**Task to complete**
Look through the records below for the line with "15. cream cheese" and the line with "19. can of green", then return those lines and all lines between, exactly.

**Input**
........

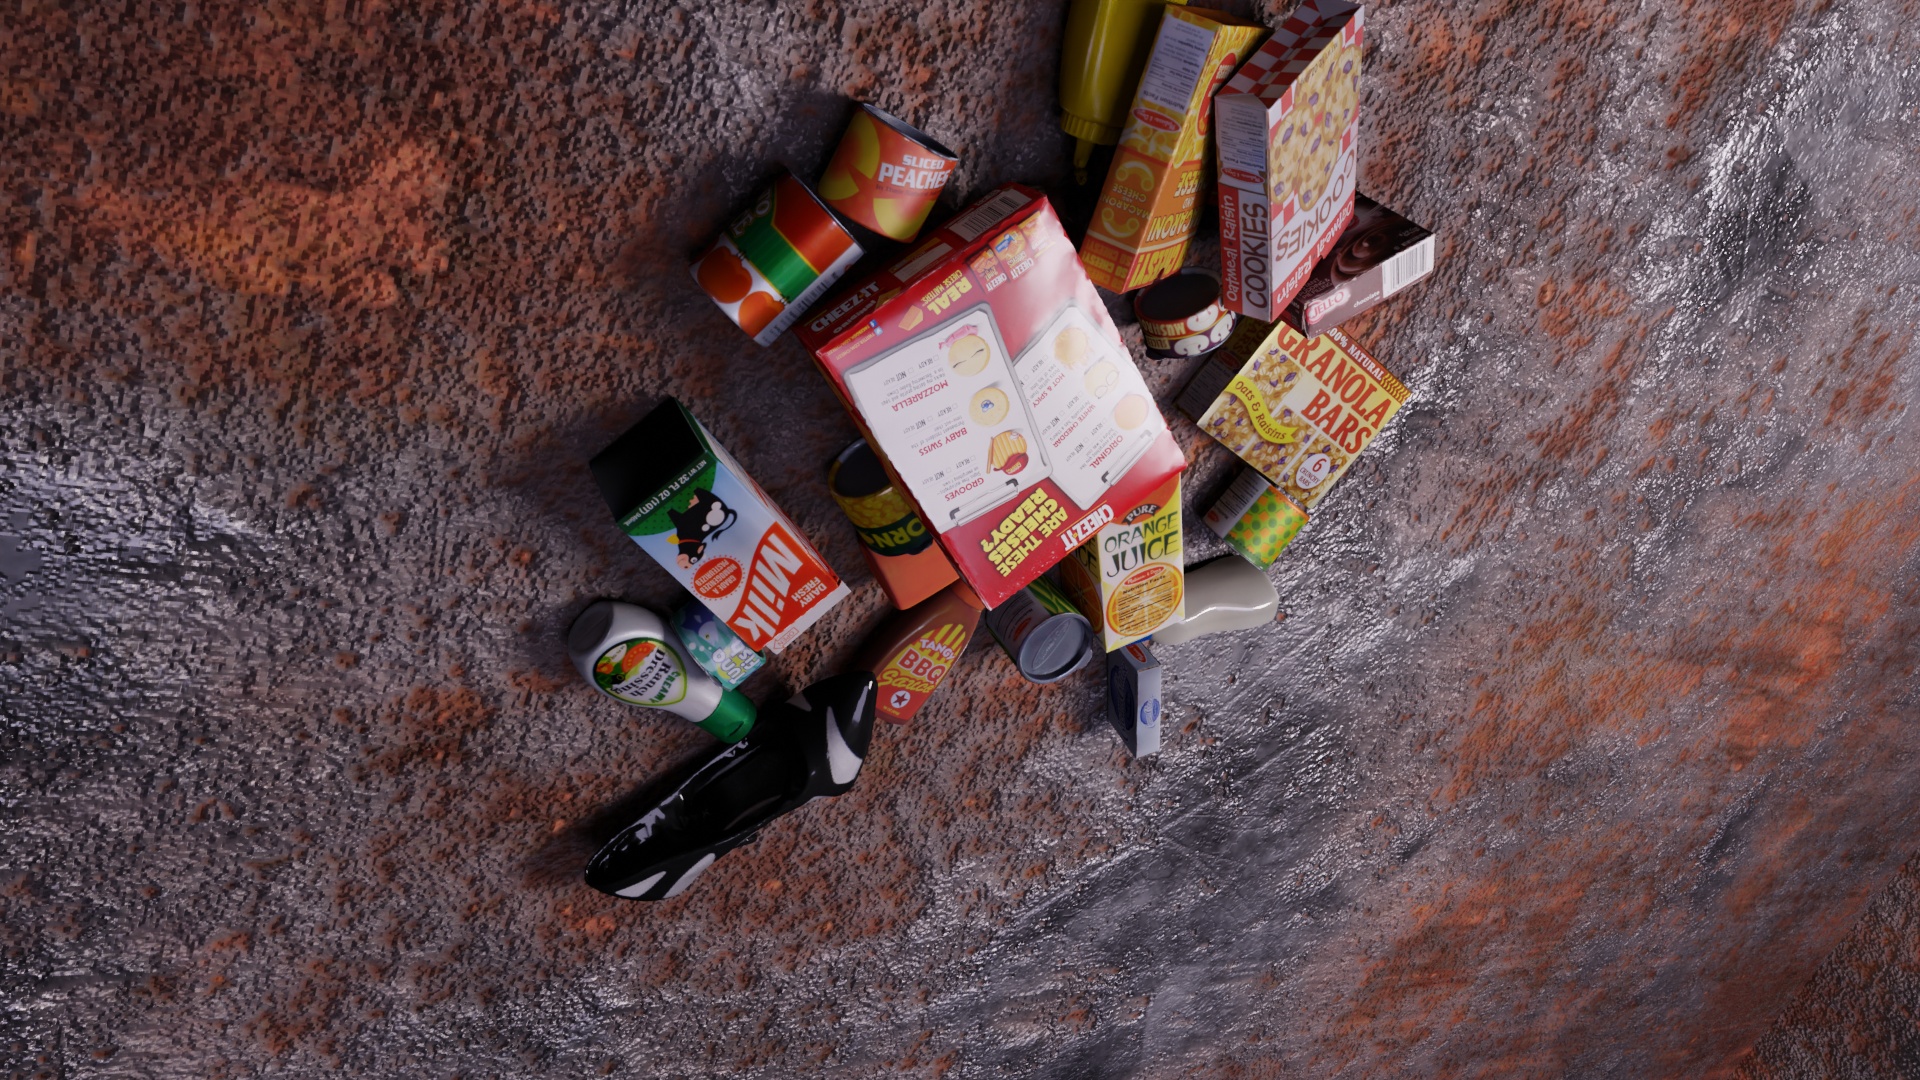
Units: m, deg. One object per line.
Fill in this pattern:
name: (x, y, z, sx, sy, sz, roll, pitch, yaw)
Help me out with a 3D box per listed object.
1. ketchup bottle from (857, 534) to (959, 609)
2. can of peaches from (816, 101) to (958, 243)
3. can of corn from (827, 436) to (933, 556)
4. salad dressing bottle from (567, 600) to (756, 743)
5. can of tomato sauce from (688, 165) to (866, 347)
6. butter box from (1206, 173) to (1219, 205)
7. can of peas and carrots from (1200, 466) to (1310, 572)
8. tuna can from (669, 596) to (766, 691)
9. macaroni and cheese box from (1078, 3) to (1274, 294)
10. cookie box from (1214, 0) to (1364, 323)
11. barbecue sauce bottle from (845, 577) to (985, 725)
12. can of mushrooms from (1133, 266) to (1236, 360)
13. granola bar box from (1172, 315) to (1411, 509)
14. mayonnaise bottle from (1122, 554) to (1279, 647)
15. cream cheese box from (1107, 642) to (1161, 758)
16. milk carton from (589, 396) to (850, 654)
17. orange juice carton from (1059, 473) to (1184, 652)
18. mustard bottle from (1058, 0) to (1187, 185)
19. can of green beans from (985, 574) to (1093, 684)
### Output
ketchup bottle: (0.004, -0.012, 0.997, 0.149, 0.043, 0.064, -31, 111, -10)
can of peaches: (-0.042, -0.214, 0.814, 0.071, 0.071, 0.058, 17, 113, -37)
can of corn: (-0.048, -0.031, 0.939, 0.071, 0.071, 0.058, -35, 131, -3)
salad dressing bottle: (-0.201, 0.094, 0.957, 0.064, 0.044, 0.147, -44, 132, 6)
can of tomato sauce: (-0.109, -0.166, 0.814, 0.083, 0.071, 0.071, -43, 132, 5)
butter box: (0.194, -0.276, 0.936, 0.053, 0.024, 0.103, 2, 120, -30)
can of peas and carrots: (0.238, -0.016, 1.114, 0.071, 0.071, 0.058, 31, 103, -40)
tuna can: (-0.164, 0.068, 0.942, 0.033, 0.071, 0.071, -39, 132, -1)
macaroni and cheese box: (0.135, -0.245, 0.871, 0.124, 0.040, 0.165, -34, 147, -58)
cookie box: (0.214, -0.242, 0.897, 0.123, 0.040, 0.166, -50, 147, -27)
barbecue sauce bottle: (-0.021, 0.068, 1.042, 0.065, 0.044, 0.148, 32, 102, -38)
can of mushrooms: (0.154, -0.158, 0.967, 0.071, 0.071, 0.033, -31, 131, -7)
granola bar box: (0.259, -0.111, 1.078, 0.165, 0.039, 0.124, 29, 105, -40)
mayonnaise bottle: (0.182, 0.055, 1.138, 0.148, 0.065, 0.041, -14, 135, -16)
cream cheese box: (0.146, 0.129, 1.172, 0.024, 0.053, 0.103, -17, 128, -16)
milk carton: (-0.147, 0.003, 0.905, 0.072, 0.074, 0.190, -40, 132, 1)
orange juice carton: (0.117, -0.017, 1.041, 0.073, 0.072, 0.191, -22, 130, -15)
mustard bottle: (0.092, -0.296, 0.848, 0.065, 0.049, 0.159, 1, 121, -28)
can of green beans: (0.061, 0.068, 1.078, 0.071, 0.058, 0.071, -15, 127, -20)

........

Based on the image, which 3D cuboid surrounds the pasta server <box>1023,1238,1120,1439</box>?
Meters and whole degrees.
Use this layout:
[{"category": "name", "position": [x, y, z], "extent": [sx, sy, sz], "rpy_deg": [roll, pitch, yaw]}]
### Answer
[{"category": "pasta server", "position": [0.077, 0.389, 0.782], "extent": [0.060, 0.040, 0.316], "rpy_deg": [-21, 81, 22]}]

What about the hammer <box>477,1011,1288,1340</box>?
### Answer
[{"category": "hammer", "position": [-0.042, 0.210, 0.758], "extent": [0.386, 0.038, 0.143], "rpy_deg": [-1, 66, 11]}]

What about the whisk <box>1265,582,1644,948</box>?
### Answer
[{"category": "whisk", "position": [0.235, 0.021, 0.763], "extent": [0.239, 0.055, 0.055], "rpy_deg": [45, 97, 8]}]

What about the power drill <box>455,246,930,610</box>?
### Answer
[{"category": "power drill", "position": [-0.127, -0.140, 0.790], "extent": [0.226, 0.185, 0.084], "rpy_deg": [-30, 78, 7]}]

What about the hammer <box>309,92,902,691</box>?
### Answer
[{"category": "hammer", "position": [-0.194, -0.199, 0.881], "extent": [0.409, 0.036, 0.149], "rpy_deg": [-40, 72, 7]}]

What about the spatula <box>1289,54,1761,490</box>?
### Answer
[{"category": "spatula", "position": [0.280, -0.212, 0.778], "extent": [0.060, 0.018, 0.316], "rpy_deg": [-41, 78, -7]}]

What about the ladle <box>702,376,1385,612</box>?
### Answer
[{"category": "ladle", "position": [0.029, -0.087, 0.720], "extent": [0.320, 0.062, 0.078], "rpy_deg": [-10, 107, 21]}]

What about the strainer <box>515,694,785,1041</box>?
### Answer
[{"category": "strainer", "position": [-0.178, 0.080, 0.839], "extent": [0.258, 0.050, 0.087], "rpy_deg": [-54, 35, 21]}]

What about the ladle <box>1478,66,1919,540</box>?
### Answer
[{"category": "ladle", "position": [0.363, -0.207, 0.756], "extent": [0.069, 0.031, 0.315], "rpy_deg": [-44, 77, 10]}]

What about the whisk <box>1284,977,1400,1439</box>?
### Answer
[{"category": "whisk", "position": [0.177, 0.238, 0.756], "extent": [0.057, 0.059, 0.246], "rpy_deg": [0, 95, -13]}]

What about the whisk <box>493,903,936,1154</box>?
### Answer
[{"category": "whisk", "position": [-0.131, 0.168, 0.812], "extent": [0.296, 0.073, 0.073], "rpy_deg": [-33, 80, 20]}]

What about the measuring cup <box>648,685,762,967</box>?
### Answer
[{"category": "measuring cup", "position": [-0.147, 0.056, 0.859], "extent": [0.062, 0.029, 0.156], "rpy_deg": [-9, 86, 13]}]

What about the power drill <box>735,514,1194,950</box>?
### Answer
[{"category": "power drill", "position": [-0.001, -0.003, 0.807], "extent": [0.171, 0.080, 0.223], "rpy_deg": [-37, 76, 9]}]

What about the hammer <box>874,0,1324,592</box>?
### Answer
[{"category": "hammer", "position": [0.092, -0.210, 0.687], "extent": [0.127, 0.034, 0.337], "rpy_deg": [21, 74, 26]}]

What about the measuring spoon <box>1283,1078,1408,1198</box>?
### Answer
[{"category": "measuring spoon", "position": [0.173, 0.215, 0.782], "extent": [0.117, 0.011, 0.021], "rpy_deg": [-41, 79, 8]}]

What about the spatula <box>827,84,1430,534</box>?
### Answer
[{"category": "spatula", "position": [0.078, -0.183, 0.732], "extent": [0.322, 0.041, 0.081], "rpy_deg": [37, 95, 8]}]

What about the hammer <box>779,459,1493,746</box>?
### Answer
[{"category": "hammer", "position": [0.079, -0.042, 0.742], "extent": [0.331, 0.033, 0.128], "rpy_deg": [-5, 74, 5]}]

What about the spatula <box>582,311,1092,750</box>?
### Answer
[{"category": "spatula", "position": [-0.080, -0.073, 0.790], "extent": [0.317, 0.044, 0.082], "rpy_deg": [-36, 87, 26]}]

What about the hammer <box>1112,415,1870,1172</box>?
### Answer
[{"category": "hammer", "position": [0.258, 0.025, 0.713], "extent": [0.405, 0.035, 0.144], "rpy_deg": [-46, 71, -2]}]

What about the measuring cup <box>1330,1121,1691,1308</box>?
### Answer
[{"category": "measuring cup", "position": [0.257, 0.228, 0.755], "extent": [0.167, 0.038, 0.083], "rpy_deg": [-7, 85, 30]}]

........

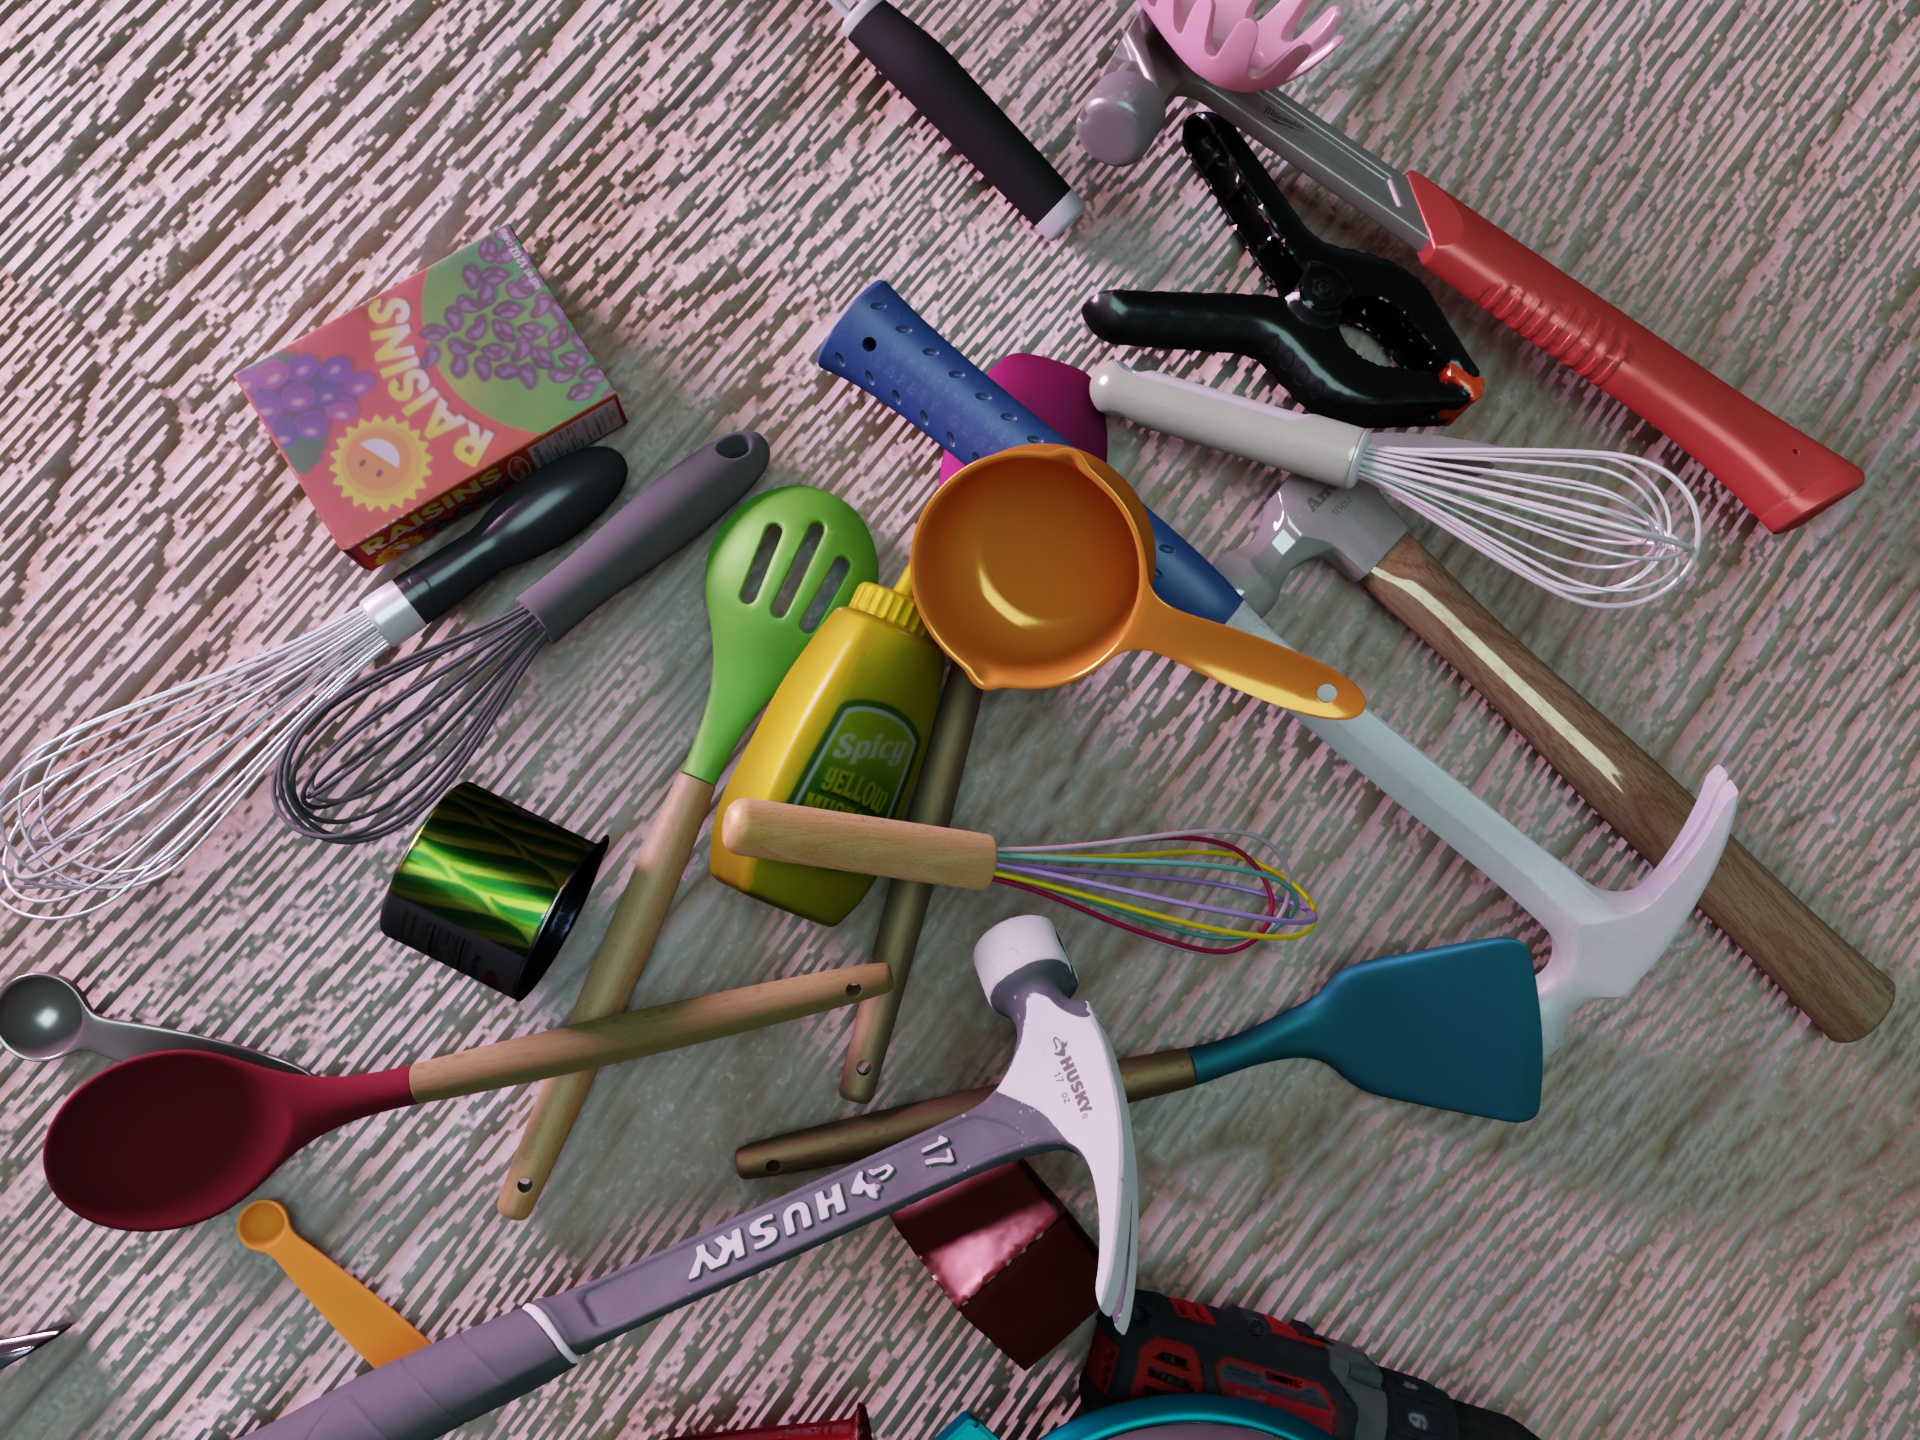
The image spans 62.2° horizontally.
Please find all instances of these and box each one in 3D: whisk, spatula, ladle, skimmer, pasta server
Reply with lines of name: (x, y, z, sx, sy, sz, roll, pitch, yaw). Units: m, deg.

........

**Response to this exercise**
15. cream cheese box from (1107, 642) to (1161, 758)
16. milk carton from (589, 396) to (850, 654)
17. orange juice carton from (1059, 473) to (1184, 652)
18. mustard bottle from (1058, 0) to (1187, 185)
19. can of green beans from (985, 574) to (1093, 684)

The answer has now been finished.